Hey @raul3z, thanks for reporting and for providing a script to repro!

I can't reproduce this locally, I get Sherlocks 1 through 6 as well as the Holmes transaction, tried this about 5 times.

Stuff that comes to mind:

  1. You write that it sometimes works and sometimes not, what's the rough ratio? Mostly works? Mostly doesn't? 50/50?
  2. Is it always the same transactions missing (the first two)?
  3. I see you're disabling default integrations other than atexit, does this also happen if you remove that?
  4. What Python version are you on?
  5. Are you also observing this on bigger scale?

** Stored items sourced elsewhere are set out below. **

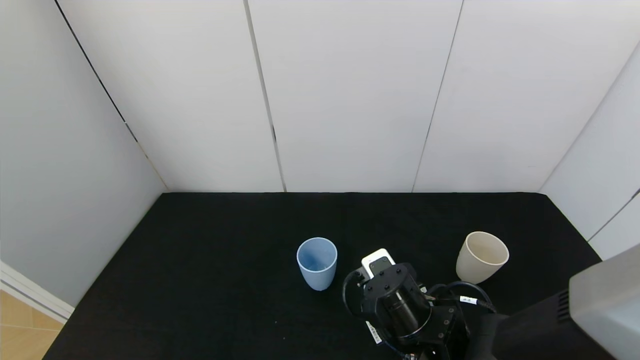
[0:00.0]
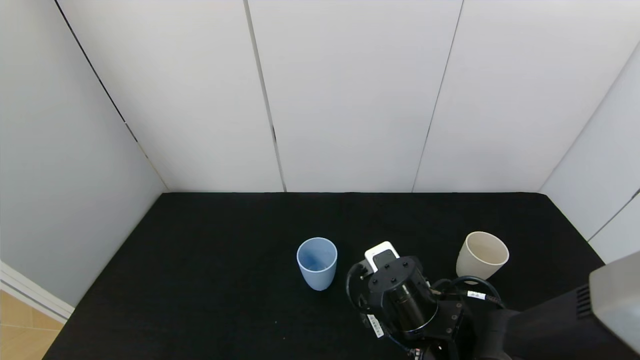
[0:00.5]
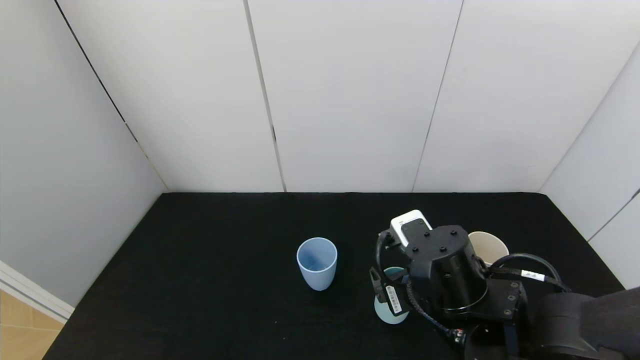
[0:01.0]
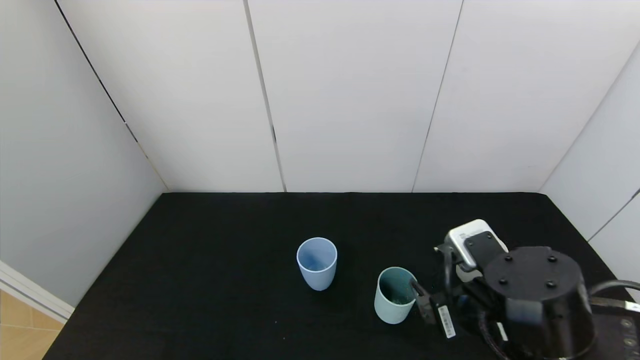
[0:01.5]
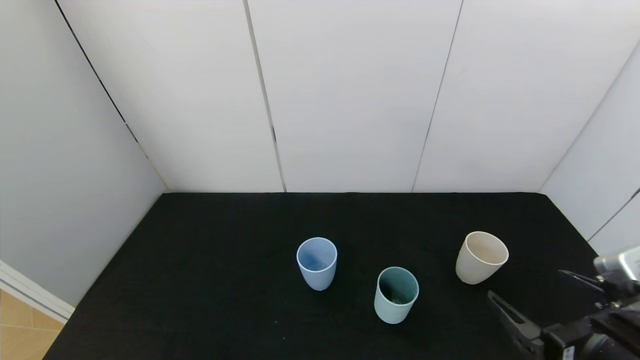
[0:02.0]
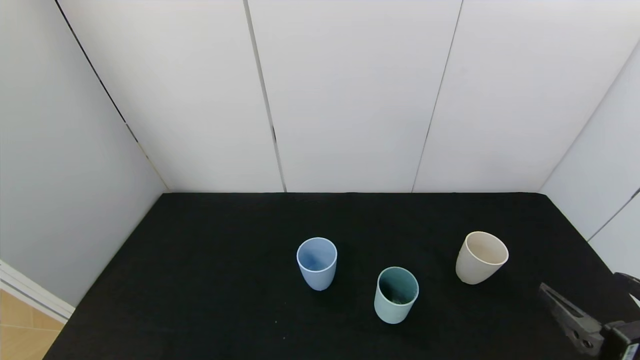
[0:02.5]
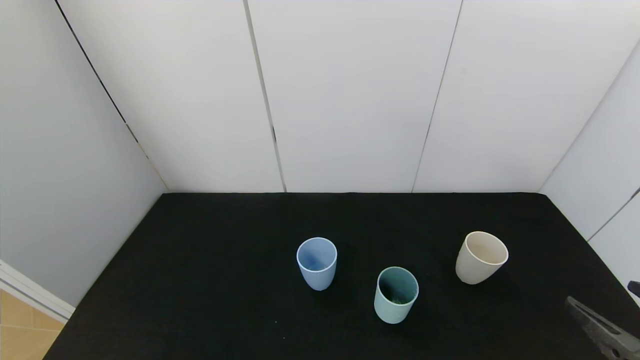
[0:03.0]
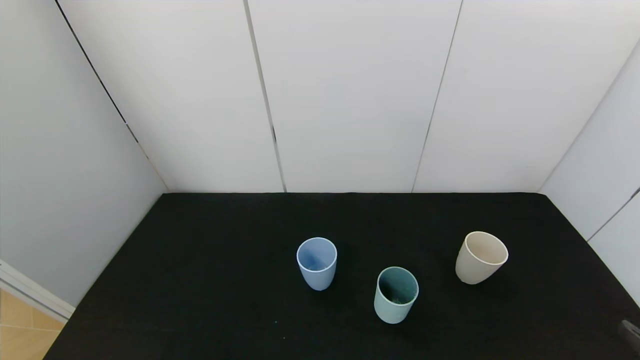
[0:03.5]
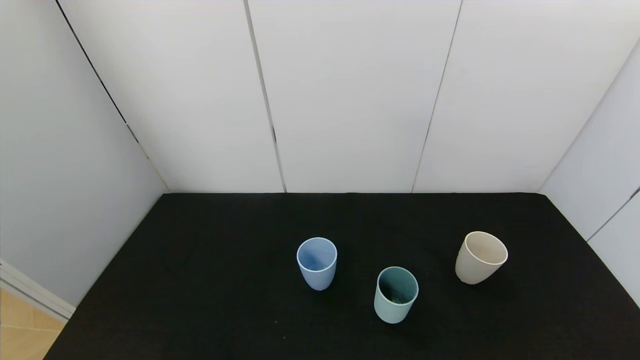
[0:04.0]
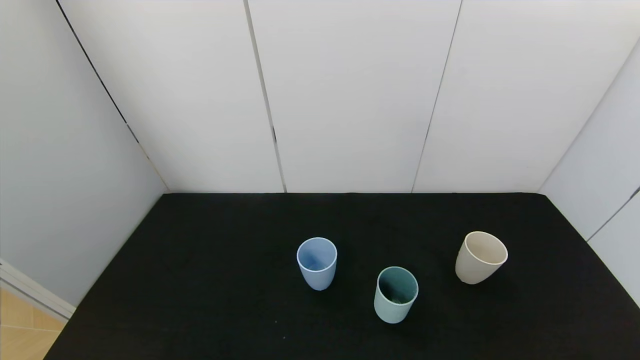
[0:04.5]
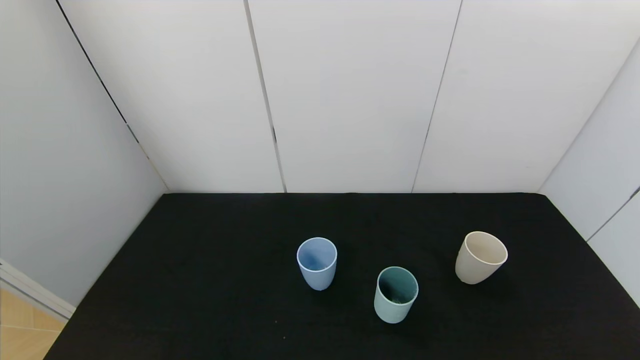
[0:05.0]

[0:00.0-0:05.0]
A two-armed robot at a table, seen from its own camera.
Task of the whole recording: use the gripper to pour the water into the other two cups on black table.
0:00.0 to 0:02.5: The right gripper moves to the right, backward and upward, some 25 cm, and opens.
0:02.5 to 0:05.0: The right gripper goes some 15 cm backward, downward and to the right.

You selected that you're on SaaS -- if you give me your org name I can take a closer look. (You can also send it to me on ivana.kellyerova @ sentry.io if you prefer that.)

raul3z commented 6 months ago

Hi @sentrivana , thank you for answering me!

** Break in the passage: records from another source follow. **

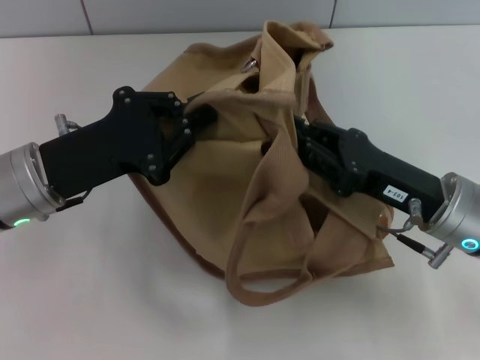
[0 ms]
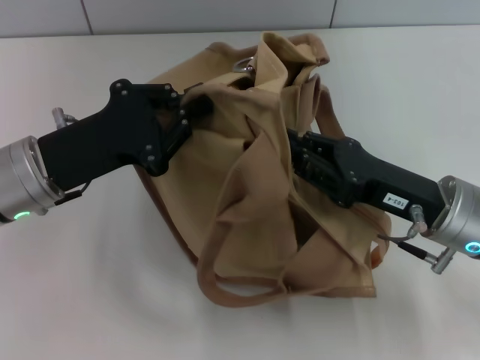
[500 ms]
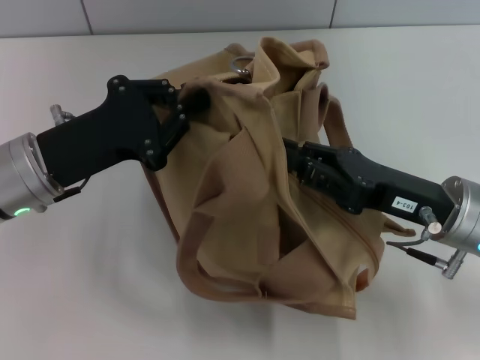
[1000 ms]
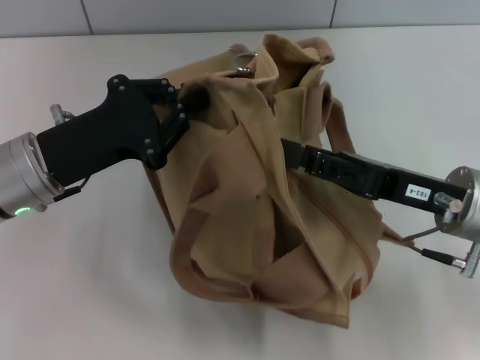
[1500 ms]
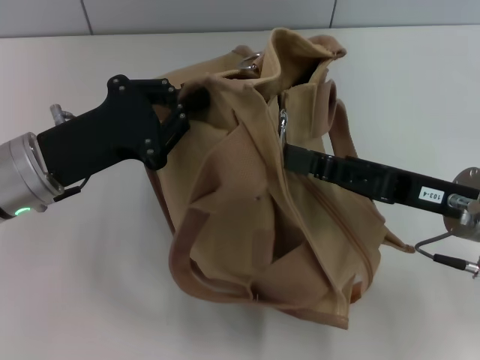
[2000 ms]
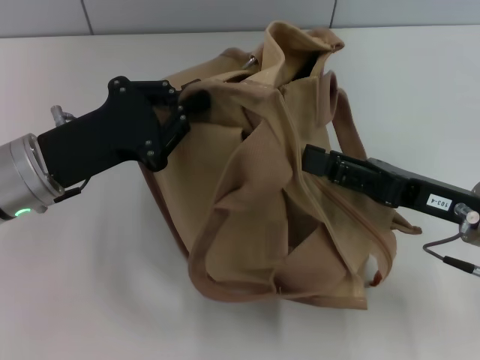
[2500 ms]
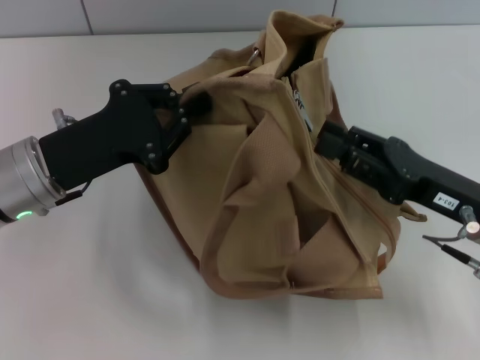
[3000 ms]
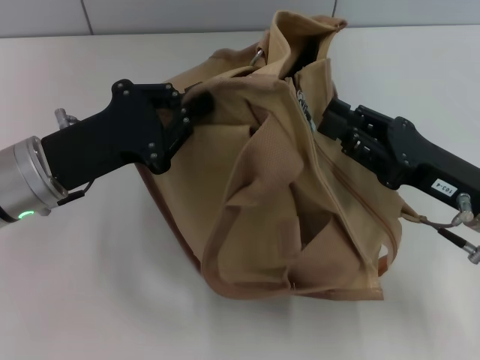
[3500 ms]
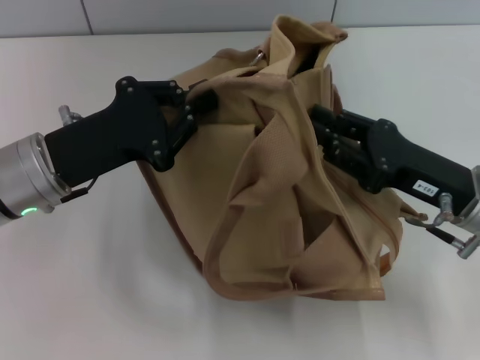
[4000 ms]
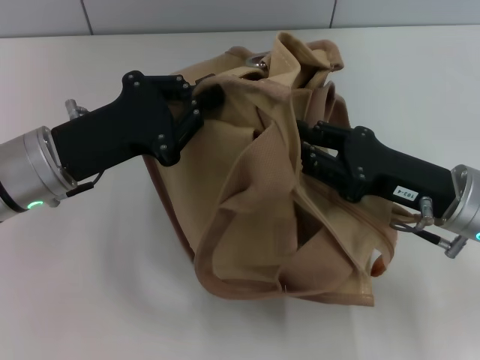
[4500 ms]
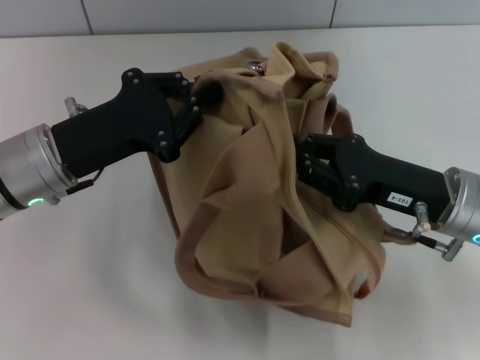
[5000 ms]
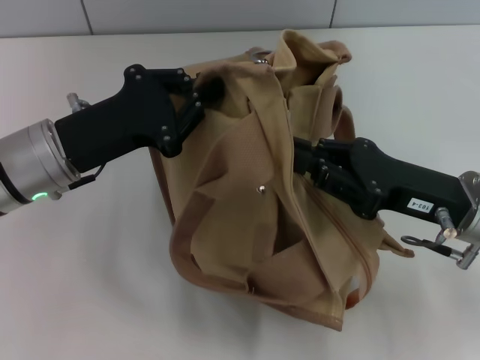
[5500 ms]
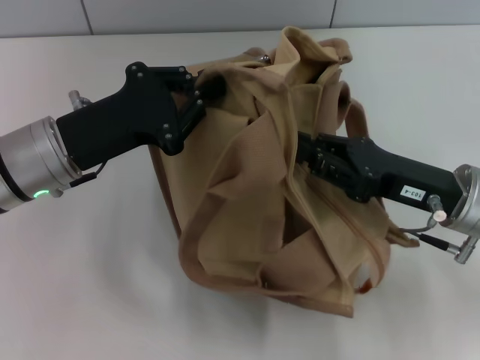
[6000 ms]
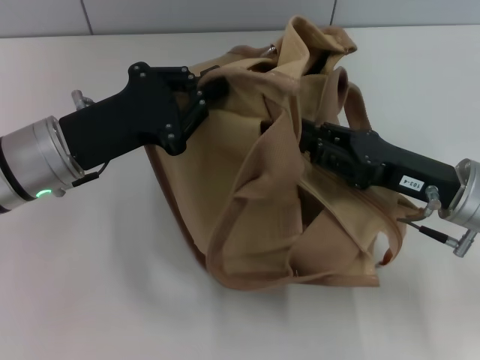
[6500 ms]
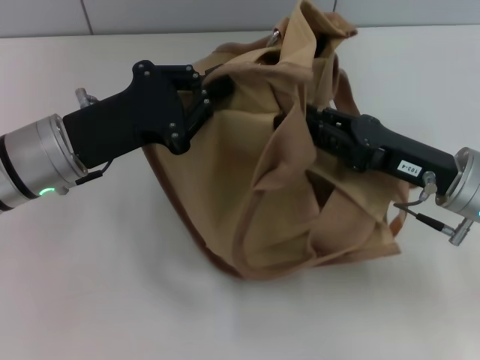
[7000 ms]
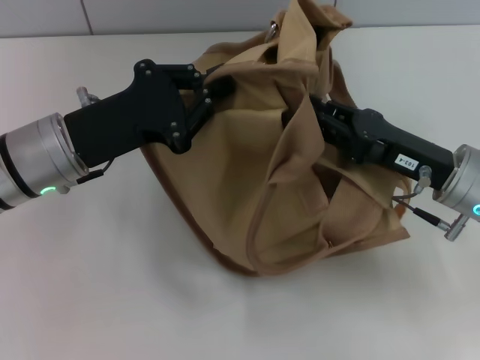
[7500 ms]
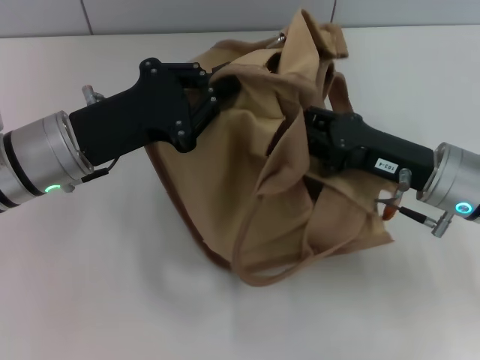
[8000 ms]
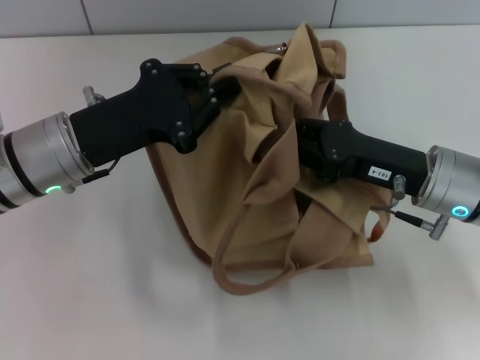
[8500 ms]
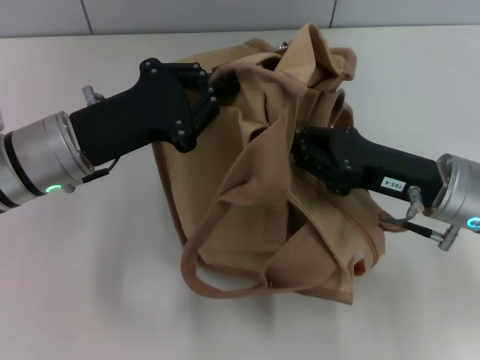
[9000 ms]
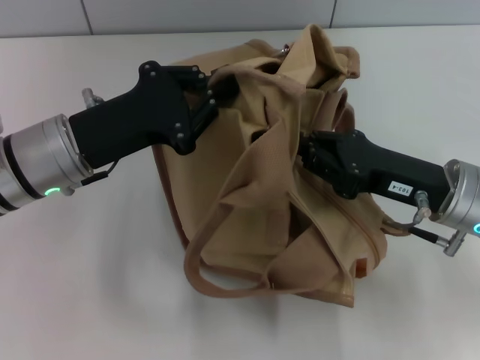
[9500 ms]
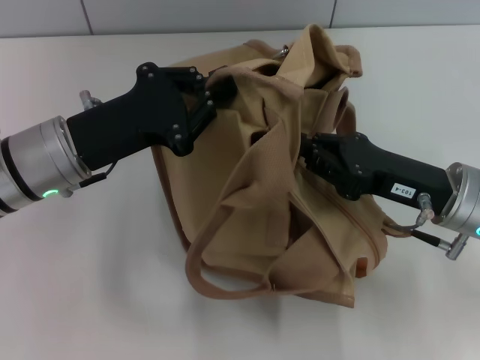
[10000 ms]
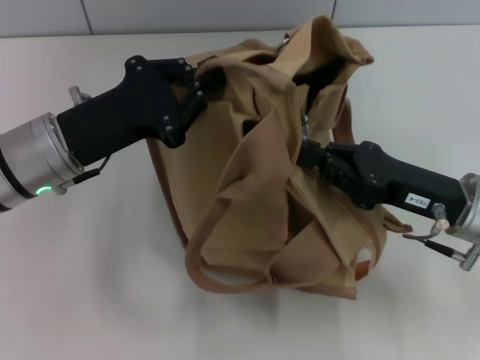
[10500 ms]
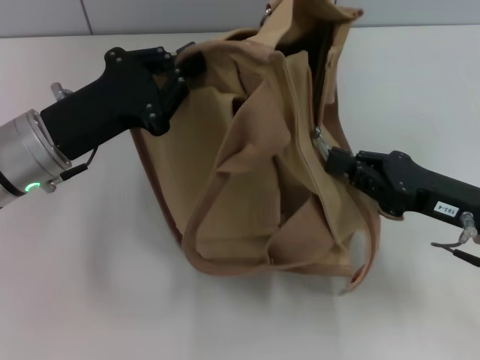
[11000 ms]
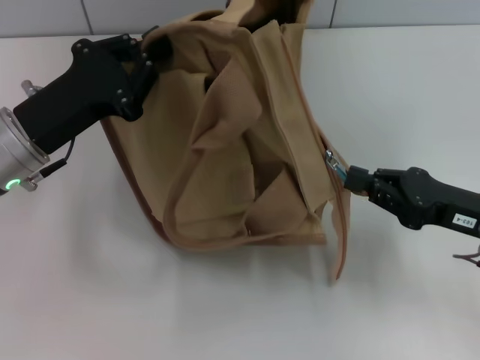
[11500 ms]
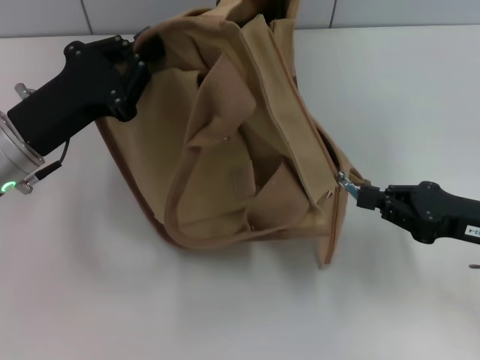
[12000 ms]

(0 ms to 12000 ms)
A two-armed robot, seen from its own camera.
8000 ms - 10000 ms: The right gripper closes up.
10000 ms - 12000 ms: The right gripper is displaced to the right by some 10 cm.

  1. I would say that it mostly does not work.
  2. No, it is random
  3. Yes, even worst. If I disable atexit the main process finished before metrics could be sent, I tried this morning disabling it and removing manual flushing and no one reached the server. After that I have set manual flush and tried again, then only 3 out of 7 metrics reached the server.
  4. I am using python 2.7 but I also have tried with python 3.7, same results here.
  5. The problem arose in some parts of our code, this script tries to isolate what is happening. The thing is that we usually use a low sampling rate, so not all metric reach the server (which is normal), in this case I have set the sampling rate to 1.0 to test is properly.

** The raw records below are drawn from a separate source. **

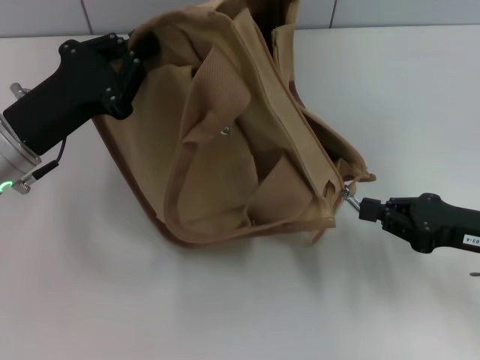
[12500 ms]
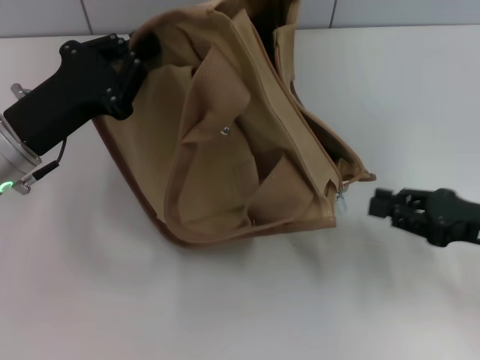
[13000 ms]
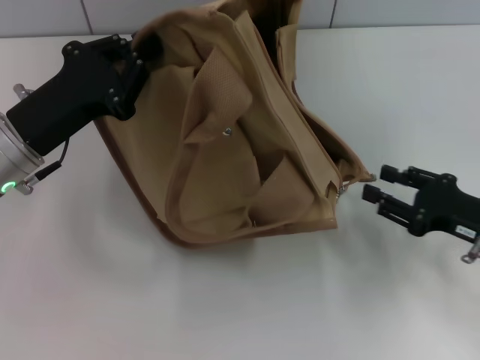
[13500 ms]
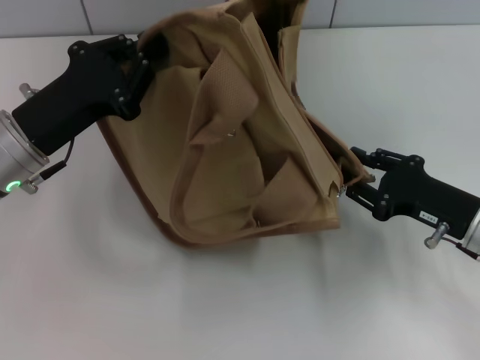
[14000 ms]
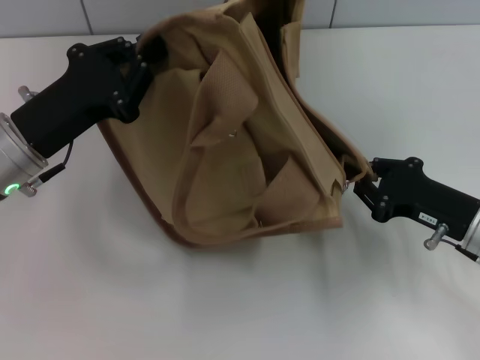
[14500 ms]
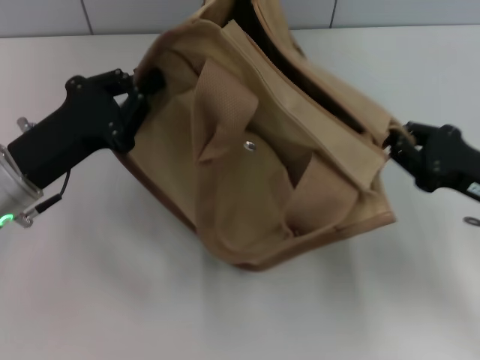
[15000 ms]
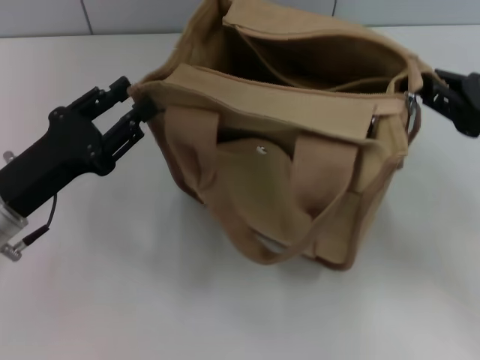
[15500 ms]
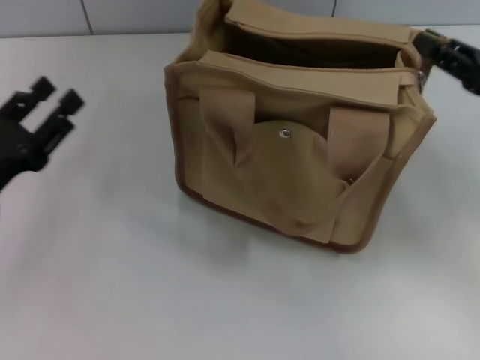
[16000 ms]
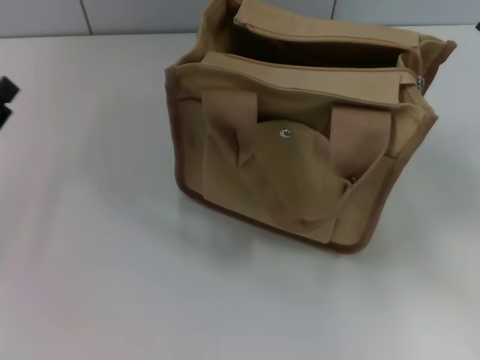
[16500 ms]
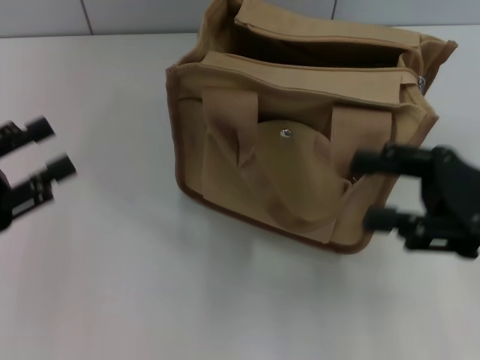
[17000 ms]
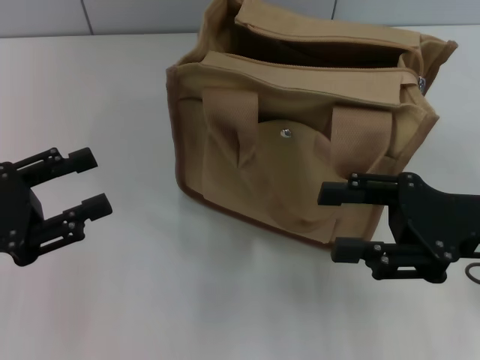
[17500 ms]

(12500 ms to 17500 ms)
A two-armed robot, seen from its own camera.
Step, 13000 ms - 15500 ms: Grab the bag with your left hand.
12500 ms - 15000 ms: The right gripper opens, then closes once more.
15000 ms - 17500 ms: The right gripper moves roughly 5 cm, and opens its fingers; the left gripper heads to the left and backward, covering approximately 10 cm, and opens its fingers.

Thanks for your time. Let me check if I can provide you the org name.

sentrivana commented 6 months ago

Thanks for the follow up!

For 3. I could've worded the question better -- I meant if you still observe this even if you remove default_integrations=False, so basically if you enable all default integrations. You need atexit at least for sure so that the SDK intercepts the interpreter shutting down and forces a flush of any pending events. Can you try and see if anything changes if you enable all default integrations?

raul3z commented 6 months ago

Oh sorry, I misunderstood it.

Yes, I just have tried setting default_integrations=True. Same result flushing or nor manually.

For the org name, what do you need exactly? the company site url or the project DSN?

sl0thentr0py commented 6 months ago

@raul3z you're calling a hub.flush within the start_transaction context manager and the transaction finishes and gets queued to the worker once the context manager exits so that flush will have weird behaviour. Please try this instead.

def send_transaction(name):
    """ Send a Sentry transaction """
    with sentry_sdk.start_transaction(name=name, op='test') as transaction:
        hello(name)

def main():
    """ Main function """
    init_sentry()
    for i in range(6):
        send_transaction('Sherlock.{}'.format(i + 1))
    send_transaction('Holmes')
    sentry_sdk.flush()   # not really necessary since atexit will call this anyway
raul3z commented 6 months ago

That seems to work!

I am receiving the seven entries in Sentry, even if I disable the atexit integration, so for any reason that integration is not working well for us.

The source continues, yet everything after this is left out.